Desafortunadamente, la escasez también activa otros sesgos. El sesgo implícito —o las actitudes prejuiciosas o estereotipos inconscientes hacia determinados grupos sociales— es problemático para el bienestar infantil, particularmente en lo que respecta a la raza/etnia y la posición socioeconómica. La literatura indica que varias condiciones nos hacen vulnerables al sesgo implícito: tener que tomar decisiones rápidas, estar enojado o ansioso, o enfrentarse a categorías sociales muy destacadas como la raza o la posición socioeconómica.8 Por supuesto, estas son las condiciones exactas que enfrenta el personal de bienestar infantil todos los días.

Volvamos al escenario anterior con el evaluador de la línea directa. Mientras el empleado siente la presión del tiempo para tomar una decisión sobre si incluir o excluir a la familia en la evaluación, es posible que comience a juzgar a la familia basándose en características que no deberían ser relevantes, pero que parecen intuitivas o le vienen rápidamente a la mente. A menudo, estas características son indicadores de raza o posición socioeconómica. Por ejemplo, la dirección de donde provino el informe pertenecía a un vecindario de clase media, o el trabajador tiene una “corazonada” sobre la familia porque el apellido de esta le resulta familiar debido a un contacto previo con el sistema y el trabajador deduce que “de tal palo, tal astilla”. Sin siquiera reconocerlo conscientemente, estas señales implícitas pueden convertirse en el factor decisivo para determinar si una familia es objeto de investigación o de acciones consecuentes.

Es fundamental comprender cuánto margen tiene el personal de bienestar infantil para tomar estas decisiones con el fin de entender cuántos prejuicios pueden existir. Si bien las líneas directrices fueron el enfoque del escenario anterior, el sesgo implícito puede afectar una variedad de contextos, incluidos la evaluación inicial, el tratamiento, la separación y la reunificación. Si no se mitiga, el sesgo conduce a resultados desproporcionados para las familias que no son blancas y las personas de bajos ingresos.9 Si bien la evidencia es alarmante, el llamado a la acción es claro. Los legisladores y diseñadores de programas que se preocupan por abordar los resultados desproporcionados y evitar daños posteriores a las familias tienen una oportunidad importante para aplicar el diseño conductual con el fin de reducir los efectos de la escasez y abordar el sesgo en el sistema de bienestar infantil.

Principios de diseño de Poverty Interrupted adaptados para el personal de bienestar infantil

¿Cómo podrían verse las mejoras en el sistema de bienestar infantil informadas por la ciencia del comportamiento? Los tres principios de diseño de Poverty Interrupted se pueden aplicar al bienestar infantil para abordar la escasez de tiempo que enfrenta el personal y la consiguiente exacerbación de los sesgos. Los primeros dos principios, Reduce los costos y Crear Slack, abordar directamente el contexto de la escasez desde diferentes extremos. Reducir los costos para el personal significa facilitar la obtención de los recursos necesarios, disminuyendo así la carga sobre su escaso tiempo y atención. Crear holgura para el personal es la otra cara de la moneda; se les debe dar más de lo que les falta y, cuando los problemas no se pueden abordar por completo, es fundamental garantizar que existan los apoyos adecuados para reducir las consecuencias negativas. Para el personal de bienestar infantil, crear holgura implica en gran medida encontrar formas de devolverles tiempo o reducir el estrés. El tercer principio, Reformular y Empoderar, habla de cómo mitigar los diversos sesgos que se introducen en el bienestar infantil. A continuación, se presenta un puñado de ejemplos que sugieren cómo los profesionales y los legisladores podrían aplicar estos principios para ayudar al personal de bienestar infantil y transformar el sistema en general.

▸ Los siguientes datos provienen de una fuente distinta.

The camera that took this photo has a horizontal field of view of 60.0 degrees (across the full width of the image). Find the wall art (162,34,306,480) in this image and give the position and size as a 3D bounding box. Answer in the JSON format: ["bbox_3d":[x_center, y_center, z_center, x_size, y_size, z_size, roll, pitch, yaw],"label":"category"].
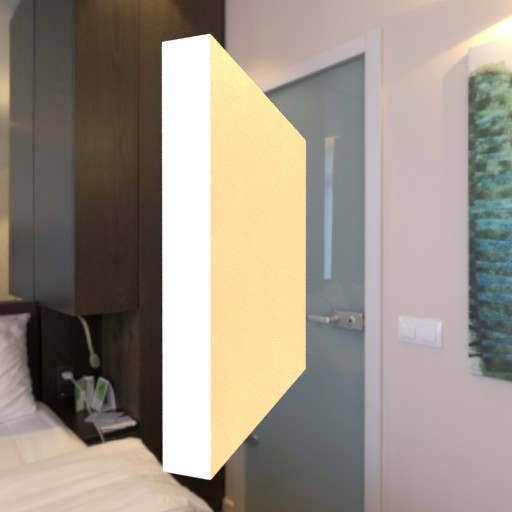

Reducir los costos (administrativos) que enfrenta el personal de bienestar infantil. 

El personal de bienestar infantil toma decisiones complejas y emprende acciones con tiempo limitado y una gran carga de casos. Estas decisiones tienen mucho en juego. Reducir los costos implica encontrar formas de disminuir las molestias, las complejidades y los factores estresantes asociados que enfrenta el personal de bienestar infantil al tomar decisiones para garantizar mejores resultados para los niños y las familias. A continuación, se presentan algunas consideraciones de diseño para reducir las molestias para el personal de bienestar infantil:

  • Optimizar los procesos de entrada de datos. Al integrar y automatizar los sistemas de datos, el personal deberá dedicar menos tiempo a tareas administrativas importantes pero cognitivamente exigentes. En su lugar, esos recursos atencionales podrán destinarse a ayudar a las familias a satisfacer sus necesidades y a mantener a los niños seguros.
  • Crear sistemas de recomendación robustos y/o rutas de prevención fácil de navegar y usar para el personal. En relación con la recomendación anterior, puede resultar agotador para el personal tener que navegar por complejos sistemas de derivación y vías de prevención. Las jurisdicciones con mecanismos de respuesta diferenciada han implementado diversos enfoques para este problema, que incluyen el establecimiento de asociaciones con organizaciones comunitarias especializadas en una necesidad particular (como la vivienda o la inseguridad alimentaria) o la redirección de las familias hacia un conjunto seleccionado de centros de recursos familiares accesibles y cercanos. Estos sistemas deben diseñarse de manera que se minimicen los costos para las familias y el personal.
  • Configure indicaciones de fácil acceso para guiar tareas cognitivamente demandantes. Por ejemplo, los trabajadores de las líneas directas deben recordar todos los diferentes puntos de datos que necesitan recopilar de una llamada para determinar si una denuncia se ajusta a la definición de un criterio específico de maltrato. Deben hacer esto mientras escuchan información que a menudo tiene un gran peso emocional, escriben toda esa información y mantienen la conversación enfocada en la denuncia en cuestión. Las indicaciones o sondeos simples de obtención de información durante las llamadas pueden guiar la importante tarea de obtener la información que los trabajadores necesitan de una llamada. Medidas como esta para reducir los costos cognitivos pueden afectar tanto la calidad de los datos recopilados como la toma de decisiones posterior basada en ellos.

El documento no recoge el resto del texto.